How to understand program NOTATIONS and TEMPO training

How to understand program NOTATIONS and TEMPO training

This article is a guide to understanding Frogman Project programming and why we use programming notations and tempos. Programs contain tempo and notation for 2 reasons:

It helps to maintain a quality and standard in the strength and conditioning world where every coach uses the same format to structure exercise order and the way you are to do your reps. This is important for standardising.

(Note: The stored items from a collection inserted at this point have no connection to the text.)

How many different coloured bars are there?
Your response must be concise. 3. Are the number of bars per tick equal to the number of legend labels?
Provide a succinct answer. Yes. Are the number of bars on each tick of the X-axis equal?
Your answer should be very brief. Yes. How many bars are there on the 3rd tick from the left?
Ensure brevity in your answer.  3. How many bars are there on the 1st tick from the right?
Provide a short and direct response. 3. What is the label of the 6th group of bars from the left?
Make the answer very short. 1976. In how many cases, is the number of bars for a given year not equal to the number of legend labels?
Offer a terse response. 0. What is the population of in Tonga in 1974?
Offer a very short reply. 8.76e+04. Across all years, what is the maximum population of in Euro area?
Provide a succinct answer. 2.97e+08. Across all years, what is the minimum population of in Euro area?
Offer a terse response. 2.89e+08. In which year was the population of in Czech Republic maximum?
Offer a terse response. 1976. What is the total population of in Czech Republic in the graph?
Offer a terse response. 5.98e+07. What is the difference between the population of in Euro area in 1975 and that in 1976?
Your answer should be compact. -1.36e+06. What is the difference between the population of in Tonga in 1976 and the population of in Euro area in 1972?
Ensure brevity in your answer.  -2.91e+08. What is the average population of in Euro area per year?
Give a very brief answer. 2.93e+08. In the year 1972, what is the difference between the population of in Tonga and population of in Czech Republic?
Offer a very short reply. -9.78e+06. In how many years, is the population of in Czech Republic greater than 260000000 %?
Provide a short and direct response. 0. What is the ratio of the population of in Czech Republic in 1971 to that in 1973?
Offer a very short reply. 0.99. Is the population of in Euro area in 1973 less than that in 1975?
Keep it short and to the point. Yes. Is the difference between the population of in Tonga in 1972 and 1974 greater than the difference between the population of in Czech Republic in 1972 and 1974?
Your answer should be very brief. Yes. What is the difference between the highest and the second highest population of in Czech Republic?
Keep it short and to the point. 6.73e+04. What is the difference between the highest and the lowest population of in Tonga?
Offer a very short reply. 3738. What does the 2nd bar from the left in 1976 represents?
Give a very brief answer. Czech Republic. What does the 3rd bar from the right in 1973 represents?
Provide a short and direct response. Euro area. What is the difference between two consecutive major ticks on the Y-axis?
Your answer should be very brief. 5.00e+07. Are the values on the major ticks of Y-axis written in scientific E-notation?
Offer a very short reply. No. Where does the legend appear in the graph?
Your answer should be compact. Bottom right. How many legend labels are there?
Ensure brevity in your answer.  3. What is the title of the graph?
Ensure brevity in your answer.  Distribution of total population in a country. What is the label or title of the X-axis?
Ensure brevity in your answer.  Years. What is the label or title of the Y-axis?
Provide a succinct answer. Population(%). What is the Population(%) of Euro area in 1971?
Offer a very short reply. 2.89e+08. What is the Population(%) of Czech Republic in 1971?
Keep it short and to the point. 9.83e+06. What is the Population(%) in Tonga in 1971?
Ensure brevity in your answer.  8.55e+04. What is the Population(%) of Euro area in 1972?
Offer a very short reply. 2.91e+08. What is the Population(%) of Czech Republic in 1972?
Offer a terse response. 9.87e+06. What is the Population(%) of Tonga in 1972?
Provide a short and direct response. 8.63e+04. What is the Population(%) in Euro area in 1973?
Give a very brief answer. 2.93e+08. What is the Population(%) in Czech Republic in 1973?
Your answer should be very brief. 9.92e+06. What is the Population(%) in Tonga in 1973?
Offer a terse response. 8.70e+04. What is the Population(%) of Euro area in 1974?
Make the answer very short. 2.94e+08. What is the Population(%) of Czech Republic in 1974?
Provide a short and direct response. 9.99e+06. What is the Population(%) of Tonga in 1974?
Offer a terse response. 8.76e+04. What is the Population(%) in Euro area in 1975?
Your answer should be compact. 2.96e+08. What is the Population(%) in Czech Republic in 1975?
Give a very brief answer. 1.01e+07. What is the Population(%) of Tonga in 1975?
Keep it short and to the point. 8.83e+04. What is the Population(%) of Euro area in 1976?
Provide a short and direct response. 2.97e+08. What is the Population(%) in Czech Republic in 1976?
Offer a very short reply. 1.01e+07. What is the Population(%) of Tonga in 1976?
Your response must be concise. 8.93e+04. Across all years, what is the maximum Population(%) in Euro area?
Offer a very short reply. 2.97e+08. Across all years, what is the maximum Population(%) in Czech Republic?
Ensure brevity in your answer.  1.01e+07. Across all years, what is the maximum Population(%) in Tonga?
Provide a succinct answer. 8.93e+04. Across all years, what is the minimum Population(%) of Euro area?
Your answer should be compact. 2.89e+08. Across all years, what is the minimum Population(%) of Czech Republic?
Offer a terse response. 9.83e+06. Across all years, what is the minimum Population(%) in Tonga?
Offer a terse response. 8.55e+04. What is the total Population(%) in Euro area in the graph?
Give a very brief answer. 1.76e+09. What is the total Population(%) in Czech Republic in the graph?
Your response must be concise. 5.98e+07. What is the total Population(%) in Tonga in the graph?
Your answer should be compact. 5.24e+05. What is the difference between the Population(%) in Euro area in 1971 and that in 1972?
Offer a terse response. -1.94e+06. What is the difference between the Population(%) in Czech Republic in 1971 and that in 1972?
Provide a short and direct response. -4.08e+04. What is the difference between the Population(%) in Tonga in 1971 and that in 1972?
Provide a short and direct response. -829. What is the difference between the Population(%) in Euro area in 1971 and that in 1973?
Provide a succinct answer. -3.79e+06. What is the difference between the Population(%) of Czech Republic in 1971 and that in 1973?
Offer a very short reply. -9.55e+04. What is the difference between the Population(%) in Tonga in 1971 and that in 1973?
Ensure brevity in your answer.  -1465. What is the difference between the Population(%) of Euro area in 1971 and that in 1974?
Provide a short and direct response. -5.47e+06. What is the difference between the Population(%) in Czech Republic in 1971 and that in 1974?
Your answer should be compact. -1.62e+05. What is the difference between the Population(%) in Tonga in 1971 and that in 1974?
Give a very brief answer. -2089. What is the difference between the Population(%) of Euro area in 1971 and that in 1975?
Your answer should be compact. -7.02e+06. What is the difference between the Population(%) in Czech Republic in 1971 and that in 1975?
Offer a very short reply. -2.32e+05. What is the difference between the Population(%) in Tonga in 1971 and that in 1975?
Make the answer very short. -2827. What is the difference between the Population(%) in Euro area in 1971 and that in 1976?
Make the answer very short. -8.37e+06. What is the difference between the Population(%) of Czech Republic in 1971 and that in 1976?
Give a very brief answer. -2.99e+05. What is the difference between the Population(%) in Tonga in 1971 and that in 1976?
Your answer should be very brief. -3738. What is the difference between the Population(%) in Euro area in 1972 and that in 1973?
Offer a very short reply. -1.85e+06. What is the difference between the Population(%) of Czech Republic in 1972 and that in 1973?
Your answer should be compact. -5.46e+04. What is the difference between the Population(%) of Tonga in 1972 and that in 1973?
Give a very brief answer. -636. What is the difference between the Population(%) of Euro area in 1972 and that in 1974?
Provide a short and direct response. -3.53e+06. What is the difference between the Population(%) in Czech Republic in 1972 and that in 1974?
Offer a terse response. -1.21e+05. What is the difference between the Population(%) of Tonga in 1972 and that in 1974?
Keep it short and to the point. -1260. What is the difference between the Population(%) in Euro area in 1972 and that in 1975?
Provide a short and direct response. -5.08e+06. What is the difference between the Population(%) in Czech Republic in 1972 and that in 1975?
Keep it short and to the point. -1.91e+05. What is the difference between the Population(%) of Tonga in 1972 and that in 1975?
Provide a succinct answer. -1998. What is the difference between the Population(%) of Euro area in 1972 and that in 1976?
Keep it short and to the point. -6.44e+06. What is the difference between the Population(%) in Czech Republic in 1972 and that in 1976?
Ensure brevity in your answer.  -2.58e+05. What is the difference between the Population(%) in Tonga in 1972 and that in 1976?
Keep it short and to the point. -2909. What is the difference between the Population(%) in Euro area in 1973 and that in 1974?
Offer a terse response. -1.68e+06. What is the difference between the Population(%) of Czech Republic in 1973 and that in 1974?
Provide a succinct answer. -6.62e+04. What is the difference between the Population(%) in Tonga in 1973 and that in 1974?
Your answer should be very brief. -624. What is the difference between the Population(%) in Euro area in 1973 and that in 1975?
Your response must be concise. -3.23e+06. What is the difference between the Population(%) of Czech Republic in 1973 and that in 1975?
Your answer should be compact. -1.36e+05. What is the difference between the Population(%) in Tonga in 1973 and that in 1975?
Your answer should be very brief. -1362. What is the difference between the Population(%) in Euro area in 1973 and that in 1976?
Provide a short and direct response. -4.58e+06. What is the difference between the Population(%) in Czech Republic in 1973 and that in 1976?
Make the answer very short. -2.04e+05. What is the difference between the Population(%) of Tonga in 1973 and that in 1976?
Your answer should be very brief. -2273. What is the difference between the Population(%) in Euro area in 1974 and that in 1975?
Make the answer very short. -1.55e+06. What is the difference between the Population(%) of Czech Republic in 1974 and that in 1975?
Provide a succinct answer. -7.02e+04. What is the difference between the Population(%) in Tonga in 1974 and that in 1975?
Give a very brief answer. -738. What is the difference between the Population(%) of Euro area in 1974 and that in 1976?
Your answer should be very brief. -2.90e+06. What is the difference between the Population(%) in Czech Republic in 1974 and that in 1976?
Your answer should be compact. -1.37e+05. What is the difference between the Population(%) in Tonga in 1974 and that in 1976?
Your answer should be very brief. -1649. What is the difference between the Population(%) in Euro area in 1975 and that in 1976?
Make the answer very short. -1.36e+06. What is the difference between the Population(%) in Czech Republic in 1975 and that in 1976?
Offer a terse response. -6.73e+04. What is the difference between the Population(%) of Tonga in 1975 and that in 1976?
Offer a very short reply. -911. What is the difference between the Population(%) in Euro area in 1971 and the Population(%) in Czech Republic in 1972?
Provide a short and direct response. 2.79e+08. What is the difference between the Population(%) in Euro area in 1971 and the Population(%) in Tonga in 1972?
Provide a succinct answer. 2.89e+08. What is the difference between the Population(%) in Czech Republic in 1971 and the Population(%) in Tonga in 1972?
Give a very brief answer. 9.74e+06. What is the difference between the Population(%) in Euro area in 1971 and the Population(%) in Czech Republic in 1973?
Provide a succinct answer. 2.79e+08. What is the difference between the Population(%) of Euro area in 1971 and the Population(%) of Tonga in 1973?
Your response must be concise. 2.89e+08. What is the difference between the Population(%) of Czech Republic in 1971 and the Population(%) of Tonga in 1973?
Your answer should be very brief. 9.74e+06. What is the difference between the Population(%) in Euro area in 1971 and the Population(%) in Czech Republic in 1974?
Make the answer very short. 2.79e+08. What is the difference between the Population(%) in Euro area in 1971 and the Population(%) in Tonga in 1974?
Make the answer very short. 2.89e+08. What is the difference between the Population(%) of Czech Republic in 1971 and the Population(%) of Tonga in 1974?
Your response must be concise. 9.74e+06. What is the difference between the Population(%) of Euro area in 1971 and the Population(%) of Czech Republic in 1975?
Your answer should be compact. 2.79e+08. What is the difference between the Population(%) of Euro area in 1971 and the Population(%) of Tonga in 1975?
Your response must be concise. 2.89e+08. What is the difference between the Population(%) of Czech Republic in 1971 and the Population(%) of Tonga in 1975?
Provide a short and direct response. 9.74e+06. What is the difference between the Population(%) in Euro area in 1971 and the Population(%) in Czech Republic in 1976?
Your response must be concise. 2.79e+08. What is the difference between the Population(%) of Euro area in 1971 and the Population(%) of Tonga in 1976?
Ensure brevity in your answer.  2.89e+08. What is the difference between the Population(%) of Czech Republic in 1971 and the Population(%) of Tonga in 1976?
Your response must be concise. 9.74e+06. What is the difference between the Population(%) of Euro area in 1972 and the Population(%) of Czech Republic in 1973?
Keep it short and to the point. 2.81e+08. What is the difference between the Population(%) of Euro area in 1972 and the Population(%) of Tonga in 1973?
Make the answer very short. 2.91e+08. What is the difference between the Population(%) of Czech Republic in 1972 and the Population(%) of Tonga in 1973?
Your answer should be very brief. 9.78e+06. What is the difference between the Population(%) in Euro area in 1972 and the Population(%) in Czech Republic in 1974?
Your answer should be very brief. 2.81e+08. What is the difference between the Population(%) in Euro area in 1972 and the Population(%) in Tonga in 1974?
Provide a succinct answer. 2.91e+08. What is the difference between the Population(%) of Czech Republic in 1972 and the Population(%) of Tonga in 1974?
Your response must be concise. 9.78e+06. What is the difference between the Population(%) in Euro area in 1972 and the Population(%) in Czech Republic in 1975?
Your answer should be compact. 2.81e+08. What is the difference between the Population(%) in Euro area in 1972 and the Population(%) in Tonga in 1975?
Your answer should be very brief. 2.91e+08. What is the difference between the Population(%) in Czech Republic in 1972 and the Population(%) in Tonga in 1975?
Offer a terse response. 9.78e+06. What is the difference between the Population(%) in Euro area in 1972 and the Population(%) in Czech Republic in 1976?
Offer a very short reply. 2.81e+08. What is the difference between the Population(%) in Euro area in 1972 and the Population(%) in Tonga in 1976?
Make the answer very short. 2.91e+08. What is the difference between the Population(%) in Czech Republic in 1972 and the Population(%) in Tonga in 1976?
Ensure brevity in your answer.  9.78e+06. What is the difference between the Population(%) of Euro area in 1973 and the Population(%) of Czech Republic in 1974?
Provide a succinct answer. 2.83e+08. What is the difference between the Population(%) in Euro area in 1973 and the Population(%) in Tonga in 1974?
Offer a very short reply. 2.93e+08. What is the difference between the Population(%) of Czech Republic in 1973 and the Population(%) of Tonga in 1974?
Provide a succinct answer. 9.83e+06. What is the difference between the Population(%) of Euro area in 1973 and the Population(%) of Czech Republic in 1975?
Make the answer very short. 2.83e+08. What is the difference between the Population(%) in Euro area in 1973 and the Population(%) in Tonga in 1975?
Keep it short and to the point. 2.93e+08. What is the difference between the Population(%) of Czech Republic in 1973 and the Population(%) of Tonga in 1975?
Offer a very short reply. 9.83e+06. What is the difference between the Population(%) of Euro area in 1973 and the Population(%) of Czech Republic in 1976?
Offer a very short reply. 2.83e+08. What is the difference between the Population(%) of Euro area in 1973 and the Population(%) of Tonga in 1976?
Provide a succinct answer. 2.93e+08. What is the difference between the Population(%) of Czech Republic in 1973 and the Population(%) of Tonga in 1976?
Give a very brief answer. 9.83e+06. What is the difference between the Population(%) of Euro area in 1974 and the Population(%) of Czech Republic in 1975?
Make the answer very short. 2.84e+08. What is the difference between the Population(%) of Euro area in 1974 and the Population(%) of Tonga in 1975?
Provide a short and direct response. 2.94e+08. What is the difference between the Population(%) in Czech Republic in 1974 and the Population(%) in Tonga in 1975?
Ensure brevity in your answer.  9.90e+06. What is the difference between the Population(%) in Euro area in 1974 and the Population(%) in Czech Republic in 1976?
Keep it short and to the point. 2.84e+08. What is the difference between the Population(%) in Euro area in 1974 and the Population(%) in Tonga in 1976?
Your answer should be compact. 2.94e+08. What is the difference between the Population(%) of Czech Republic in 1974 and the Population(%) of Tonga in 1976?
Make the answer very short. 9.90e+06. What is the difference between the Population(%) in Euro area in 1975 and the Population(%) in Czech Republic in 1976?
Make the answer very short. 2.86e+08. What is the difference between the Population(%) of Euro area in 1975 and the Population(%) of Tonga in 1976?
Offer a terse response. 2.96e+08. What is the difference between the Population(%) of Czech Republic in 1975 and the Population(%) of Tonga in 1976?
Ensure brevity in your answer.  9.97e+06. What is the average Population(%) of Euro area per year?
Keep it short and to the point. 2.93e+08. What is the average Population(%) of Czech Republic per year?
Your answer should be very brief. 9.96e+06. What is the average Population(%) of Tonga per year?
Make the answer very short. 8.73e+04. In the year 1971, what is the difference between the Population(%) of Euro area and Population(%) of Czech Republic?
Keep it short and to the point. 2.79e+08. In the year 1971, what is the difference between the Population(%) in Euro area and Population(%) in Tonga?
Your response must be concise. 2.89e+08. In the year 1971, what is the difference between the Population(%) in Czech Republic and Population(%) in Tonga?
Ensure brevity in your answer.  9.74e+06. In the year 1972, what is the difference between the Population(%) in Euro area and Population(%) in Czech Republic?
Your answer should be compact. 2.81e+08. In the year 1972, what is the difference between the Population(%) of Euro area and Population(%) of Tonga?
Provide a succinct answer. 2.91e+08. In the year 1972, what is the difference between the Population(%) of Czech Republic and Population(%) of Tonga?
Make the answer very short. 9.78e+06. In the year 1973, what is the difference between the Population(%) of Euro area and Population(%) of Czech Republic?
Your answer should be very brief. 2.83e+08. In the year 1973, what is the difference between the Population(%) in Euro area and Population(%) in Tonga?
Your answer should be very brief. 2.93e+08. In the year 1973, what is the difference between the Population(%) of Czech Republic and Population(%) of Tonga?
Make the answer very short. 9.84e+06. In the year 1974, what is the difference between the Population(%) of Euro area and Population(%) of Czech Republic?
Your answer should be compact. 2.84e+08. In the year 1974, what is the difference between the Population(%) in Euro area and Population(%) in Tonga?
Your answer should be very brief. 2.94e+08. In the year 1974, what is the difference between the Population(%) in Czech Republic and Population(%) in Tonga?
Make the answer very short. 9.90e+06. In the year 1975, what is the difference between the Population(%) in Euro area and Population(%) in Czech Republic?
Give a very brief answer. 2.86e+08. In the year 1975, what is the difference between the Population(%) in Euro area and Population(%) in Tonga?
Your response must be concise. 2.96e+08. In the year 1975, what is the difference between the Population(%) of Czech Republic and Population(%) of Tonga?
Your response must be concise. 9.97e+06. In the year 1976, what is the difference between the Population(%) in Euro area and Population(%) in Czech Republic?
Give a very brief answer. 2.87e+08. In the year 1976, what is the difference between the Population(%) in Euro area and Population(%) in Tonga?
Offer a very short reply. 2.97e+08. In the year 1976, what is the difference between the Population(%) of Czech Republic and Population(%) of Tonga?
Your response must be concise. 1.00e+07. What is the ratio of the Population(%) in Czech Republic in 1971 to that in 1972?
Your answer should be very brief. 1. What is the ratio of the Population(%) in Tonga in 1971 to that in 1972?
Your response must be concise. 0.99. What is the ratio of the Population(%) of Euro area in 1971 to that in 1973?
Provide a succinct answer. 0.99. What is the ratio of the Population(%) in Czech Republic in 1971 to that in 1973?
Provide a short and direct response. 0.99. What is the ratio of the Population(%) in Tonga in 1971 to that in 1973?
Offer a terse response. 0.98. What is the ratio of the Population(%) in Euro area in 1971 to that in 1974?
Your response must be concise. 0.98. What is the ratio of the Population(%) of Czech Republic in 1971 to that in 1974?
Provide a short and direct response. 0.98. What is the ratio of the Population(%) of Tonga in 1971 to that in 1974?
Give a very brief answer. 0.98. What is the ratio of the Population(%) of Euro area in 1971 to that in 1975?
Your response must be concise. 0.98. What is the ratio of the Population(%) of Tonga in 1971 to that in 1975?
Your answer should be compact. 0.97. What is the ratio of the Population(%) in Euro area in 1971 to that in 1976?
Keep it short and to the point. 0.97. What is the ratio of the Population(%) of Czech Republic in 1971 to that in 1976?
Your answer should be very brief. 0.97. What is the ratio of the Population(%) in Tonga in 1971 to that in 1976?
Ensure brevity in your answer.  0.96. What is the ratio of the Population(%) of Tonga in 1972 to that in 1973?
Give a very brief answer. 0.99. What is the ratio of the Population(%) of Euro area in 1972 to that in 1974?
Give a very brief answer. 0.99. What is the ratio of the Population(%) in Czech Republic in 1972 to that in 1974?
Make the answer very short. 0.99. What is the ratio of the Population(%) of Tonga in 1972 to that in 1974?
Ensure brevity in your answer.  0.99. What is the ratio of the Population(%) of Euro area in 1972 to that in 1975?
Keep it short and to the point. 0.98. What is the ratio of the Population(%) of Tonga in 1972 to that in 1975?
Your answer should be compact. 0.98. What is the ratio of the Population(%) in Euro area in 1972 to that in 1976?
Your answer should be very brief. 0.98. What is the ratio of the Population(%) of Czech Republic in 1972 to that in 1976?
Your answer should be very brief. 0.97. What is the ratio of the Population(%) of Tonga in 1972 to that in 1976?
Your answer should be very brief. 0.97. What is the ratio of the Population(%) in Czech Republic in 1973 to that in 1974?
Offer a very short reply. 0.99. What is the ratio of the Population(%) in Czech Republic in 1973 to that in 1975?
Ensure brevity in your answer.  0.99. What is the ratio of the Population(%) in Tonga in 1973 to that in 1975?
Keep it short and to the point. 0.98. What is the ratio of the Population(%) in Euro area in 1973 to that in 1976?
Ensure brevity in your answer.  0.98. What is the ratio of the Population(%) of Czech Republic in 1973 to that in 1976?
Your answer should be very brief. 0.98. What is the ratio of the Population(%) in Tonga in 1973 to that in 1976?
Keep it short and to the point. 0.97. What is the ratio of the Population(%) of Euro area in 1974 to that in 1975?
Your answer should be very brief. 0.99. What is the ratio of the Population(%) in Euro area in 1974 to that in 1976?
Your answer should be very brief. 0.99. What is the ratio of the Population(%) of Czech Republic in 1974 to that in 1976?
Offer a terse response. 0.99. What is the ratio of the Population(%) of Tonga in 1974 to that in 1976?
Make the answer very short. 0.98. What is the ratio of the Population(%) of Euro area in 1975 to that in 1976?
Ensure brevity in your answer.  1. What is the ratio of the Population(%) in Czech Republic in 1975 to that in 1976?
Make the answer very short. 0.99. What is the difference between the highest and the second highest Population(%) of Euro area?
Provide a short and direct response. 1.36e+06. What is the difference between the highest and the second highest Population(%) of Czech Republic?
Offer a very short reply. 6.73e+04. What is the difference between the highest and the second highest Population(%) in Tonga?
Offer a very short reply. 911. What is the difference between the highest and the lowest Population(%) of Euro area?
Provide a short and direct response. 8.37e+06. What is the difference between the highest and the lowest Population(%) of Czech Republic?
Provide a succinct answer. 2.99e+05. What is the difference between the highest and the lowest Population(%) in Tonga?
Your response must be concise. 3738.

The order of the exercises is firstly written alphabetically with A B C etc etc. If there is a number after the letter it means that there a 1,2 or more exercises in that section that need to be completed in THAT order before moving onto the next section. Let’s break it down further.

Notation Ordering

When you see something like this:

A. Chin up
B. Strict press
C. Reverse curl

This means that the first exercise, chin up, is performed until all the sets, reps, and rests are complete. Then the strict press and reverse curl follow in that order.
Skill and complexes are written as follows:

D1. Deadlift
D2. Good morning
D3. Bent over row

This notation indicates that one set of exercise D1 is performed, followed by one set of exercise D2, and then one set of exercise D3. The number of sets will be indicated in the notation, for example:

E1. Ring rows – 3 x 10
E2. Ring dips – 3 x 10

That would describe 3 rounds of a superset, with 10 reps being performed in every set. Another example would be:

F1. Lateral raise – 10/8/6
F2. Front raise – 9/7/5

That describes 3 rounds of a superset, but the number of reps in each set changes in each round (10 reps of lateral raises followed by 9 reps of front raises in the first round).


Tempo is the speed at which a rep is performed – by speeding up or slowing down a rep we can completely change the outcome on the athlete.

Tempo divides a repetition into four phases: For example 3-0-1-0

  1. The first number in the series (3) is the length in time, measured in seconds, of the eccentric phase or lowering part of the lift.
  2. The second number (0) is the transition time or pause between the eccentric and concentric phases.
  3. The third number (1) is the length in time of the concentric phase or lifting part of the lift.
  4. The fourth number (0) is the transition time between the end of the concentric phase of the current rep, and the start of the eccentric phase of the next rep.

Note that an X indicates that the phase should be performed as explosively as possible. For example, a X/0/2/0 tempo on the bench press would mean that you press the bar up as quickly as you can, not pausing at the top, then take 2 seconds to lower the bar to your chest, with no pause before beginning the next rep. See a video example here.

Rest and Extended Sets

Rest intervals are indicated within the program usually, like this:

Back squat 4 x 10-12, 45 secs rest between sets

If you see no explicit guidelines, typically a rest of 60-90 secs is appropriate, although more rest may be needed for heavy compound movements, and less may be needed for isolation work.

Our programming is progressive and the tempo and percentages have been calculated, trialed and tested to ensure continual progression. Mess with the numbers and you mess with your progress.